Where did that come from?
Have you ever wondered where some of the words, phrases or sayings that we now use actually originated?
For example, many of us often light bonfires in our gardens. But where did the word come from? In the Middle Ages it was quite normal to dig up people's bones after 30 or 40 years in order to make room in the churchyard. Initially, the bones were put in a charnel house and when this became full they were burned on a "bonefire." The word has, over the years, been shortened to bonfire.
The dish dates from the sixteenth century when only rich landowners could afford to eat deer or birds from the Welsh game preserves. Many ordinary Welsh people were never able to taste delicacies such as rabbit in their entire lives. But they could afford cheese on toasted bread and jokingly referred to it as their Welsh rabbit. The term stuck.
Those same huge estates also gave us the saying "to eat humble pie." The rich squires and landowners ate the flesh of the deer they had hunted and disdainfully threw away the innards, the 'umbles as they were known, the liver, kidneys and so on. The poor took those 'umbles, baked them into a pie and so "ate 'umble pie." Over the centuries the letter h has been added to the word and it has come to mean admitting inferiority.

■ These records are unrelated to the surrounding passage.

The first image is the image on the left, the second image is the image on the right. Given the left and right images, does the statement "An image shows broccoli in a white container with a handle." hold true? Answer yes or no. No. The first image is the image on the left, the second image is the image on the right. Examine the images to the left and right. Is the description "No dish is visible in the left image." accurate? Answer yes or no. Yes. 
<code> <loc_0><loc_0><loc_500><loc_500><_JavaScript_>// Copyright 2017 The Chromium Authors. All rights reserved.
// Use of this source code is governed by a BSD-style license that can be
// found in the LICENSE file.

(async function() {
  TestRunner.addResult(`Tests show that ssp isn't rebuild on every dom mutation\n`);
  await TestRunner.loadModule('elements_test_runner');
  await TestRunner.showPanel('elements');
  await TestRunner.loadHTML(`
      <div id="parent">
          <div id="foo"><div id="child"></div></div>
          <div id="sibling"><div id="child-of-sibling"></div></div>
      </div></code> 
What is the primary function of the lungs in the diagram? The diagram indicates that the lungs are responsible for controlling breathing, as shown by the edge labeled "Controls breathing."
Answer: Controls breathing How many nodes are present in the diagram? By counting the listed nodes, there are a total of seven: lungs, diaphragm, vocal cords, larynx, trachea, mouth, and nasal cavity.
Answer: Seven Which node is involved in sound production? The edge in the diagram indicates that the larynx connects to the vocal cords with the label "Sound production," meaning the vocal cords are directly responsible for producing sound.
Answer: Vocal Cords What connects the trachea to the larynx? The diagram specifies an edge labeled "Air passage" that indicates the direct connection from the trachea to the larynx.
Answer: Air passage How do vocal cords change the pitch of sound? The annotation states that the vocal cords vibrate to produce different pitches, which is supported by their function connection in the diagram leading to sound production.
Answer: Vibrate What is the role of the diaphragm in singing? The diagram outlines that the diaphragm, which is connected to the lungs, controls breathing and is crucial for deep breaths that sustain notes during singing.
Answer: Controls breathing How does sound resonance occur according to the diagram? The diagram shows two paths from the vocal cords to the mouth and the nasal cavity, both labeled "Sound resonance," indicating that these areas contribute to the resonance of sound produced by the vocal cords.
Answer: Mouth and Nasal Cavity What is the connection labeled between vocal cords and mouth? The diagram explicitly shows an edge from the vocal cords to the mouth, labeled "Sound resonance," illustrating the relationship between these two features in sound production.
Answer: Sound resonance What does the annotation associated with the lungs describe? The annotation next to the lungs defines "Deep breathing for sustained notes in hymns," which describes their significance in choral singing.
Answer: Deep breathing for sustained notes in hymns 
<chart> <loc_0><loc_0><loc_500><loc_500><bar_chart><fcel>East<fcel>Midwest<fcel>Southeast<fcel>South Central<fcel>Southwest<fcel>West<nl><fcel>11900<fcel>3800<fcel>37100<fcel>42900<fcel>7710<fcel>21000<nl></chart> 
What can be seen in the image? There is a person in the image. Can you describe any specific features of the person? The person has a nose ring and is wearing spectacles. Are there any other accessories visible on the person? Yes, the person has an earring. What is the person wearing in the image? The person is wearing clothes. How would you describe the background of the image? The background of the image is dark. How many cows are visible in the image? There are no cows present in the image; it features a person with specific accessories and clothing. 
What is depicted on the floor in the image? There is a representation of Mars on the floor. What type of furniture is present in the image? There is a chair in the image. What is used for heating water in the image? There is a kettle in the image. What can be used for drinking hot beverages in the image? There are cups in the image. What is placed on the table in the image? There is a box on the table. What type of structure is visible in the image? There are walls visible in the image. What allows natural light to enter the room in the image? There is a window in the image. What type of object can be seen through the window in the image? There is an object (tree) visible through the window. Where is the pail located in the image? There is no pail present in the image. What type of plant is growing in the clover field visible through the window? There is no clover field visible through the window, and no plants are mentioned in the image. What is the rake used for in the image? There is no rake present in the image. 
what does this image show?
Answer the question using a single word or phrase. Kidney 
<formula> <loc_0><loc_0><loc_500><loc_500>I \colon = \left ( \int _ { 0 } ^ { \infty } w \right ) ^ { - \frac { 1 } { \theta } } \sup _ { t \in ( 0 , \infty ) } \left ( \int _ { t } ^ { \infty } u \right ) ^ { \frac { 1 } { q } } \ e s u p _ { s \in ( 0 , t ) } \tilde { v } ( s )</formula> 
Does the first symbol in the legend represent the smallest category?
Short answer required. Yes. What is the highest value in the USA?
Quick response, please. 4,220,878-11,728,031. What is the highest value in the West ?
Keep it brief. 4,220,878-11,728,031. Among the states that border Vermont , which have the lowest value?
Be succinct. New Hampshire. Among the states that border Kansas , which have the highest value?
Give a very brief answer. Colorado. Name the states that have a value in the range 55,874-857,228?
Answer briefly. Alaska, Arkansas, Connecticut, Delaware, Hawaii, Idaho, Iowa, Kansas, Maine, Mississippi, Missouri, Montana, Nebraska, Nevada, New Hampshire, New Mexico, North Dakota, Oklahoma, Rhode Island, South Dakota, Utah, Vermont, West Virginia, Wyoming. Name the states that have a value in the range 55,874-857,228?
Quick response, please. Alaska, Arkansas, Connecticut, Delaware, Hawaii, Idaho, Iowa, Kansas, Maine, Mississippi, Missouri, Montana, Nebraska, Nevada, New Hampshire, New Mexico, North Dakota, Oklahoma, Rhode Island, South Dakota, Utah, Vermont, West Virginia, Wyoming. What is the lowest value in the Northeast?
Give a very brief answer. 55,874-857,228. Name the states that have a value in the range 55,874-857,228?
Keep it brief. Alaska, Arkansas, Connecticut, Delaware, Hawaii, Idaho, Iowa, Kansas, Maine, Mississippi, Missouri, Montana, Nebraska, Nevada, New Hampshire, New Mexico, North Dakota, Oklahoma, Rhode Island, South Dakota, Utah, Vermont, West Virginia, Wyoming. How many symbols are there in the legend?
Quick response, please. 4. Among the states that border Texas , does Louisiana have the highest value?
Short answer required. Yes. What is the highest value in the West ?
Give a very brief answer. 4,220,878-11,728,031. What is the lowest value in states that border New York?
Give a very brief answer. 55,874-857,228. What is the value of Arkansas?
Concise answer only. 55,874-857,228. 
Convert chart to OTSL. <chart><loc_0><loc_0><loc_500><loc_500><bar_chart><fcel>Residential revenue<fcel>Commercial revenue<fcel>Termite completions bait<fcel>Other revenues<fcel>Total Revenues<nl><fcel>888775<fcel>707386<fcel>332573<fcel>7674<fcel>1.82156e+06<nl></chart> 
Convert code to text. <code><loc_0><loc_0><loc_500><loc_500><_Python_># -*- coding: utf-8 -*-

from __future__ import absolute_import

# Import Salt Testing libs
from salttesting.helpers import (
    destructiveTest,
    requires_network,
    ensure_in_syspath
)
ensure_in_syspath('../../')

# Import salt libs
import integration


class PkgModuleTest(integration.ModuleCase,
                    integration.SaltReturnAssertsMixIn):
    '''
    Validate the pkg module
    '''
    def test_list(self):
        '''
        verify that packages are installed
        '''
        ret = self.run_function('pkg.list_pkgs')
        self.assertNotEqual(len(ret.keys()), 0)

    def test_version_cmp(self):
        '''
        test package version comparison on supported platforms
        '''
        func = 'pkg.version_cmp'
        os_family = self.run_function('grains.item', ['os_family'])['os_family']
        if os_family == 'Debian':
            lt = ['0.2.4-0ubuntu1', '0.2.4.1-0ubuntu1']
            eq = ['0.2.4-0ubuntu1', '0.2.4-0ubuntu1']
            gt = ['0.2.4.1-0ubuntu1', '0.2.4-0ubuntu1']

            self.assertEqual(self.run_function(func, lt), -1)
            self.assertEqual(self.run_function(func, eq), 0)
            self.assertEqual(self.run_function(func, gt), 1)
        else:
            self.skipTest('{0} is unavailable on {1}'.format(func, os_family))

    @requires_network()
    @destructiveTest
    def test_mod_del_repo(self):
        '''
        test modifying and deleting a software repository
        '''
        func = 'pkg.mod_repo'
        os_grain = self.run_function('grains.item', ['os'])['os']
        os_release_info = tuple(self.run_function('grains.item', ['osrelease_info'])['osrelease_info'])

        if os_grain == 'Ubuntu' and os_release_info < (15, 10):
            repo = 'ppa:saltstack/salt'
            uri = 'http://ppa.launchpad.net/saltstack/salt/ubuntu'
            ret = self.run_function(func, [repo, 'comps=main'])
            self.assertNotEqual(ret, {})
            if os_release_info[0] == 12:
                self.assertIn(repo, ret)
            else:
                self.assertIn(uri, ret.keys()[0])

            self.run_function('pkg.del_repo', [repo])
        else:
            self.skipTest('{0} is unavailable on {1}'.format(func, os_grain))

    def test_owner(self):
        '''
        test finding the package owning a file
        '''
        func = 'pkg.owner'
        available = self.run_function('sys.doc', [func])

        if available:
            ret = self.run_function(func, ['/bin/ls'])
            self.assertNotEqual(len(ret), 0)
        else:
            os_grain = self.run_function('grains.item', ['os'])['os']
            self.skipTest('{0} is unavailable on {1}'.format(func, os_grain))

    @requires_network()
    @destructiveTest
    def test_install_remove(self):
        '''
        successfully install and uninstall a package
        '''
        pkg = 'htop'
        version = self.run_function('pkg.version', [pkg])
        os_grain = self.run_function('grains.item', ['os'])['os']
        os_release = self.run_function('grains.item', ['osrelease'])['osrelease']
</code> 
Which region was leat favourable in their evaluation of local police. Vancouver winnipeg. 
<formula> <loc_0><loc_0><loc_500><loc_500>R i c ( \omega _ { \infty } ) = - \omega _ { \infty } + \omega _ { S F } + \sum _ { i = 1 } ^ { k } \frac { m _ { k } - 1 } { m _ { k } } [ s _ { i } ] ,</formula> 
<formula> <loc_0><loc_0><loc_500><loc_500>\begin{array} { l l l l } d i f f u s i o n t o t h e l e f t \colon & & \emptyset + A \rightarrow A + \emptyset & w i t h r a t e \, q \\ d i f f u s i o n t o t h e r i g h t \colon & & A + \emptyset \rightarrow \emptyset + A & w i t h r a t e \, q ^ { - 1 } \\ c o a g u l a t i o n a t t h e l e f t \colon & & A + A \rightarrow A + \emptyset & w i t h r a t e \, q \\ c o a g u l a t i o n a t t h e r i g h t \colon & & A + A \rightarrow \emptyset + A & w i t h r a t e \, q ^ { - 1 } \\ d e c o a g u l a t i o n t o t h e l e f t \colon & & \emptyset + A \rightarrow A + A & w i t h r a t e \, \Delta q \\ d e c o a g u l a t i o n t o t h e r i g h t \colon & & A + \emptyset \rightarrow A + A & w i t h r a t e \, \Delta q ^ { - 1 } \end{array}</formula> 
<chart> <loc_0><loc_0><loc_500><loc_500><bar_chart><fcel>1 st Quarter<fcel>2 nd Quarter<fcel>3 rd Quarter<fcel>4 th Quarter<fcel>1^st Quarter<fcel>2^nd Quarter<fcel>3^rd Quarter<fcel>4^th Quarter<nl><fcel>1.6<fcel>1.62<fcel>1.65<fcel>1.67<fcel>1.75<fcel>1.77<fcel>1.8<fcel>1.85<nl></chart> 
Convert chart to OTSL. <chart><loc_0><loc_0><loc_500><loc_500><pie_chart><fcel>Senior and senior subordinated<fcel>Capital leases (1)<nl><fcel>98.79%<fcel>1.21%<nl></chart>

The phrase "spooning" dates from sixteenth century Wales when men courting young girls would have to sit under the watchful eye of the family. While sitting there, undoubtedly bored and fed up, they would carve a wooden spoon, complete with intricate patterns, which would be presented to the girl on the wedding day. Thus the Welsh Love Spoon and the term "spooning" came into existence.
One symbol, not a phrase but a gesture, that was always thought to originate with the Welsh has little credibility - which is sad, as it remains a good story. Welsh archers, particularly those from Monmouth, were considered to be the best in the world. The French, with whom the Hundred Years War was being fought, feared their accuracy. To keep captured prisoners was both time consuming and expensive as they had to be guarded and fed.
So when the French captured a Welsh archer they simply cut off the first two fingers of the hand that drew the bowstring and then sent the mutilated archer back to the English forces where such wounded men would be useless.
After the Battle of Agincourt, runs the story, the Welsh archers simply stood on a mound and waved their two fingers at the French prisoners in a gesture of defiance and, of course, as a warning. Unfortunately, the story has little substance.
Although the gesture, the V sign, has been identified on the Macclesfield Psalter of 1330 and, according to some writers from the time, even though Henry V referred to the French practice of cutting off the fingers of soldiers in his pre-battle speech before Agincourt, there is no evidence that such mutilation was ever carried out. Nor does anyone record the Welsh archers waving their two fingers in the air as a gesture of defiance.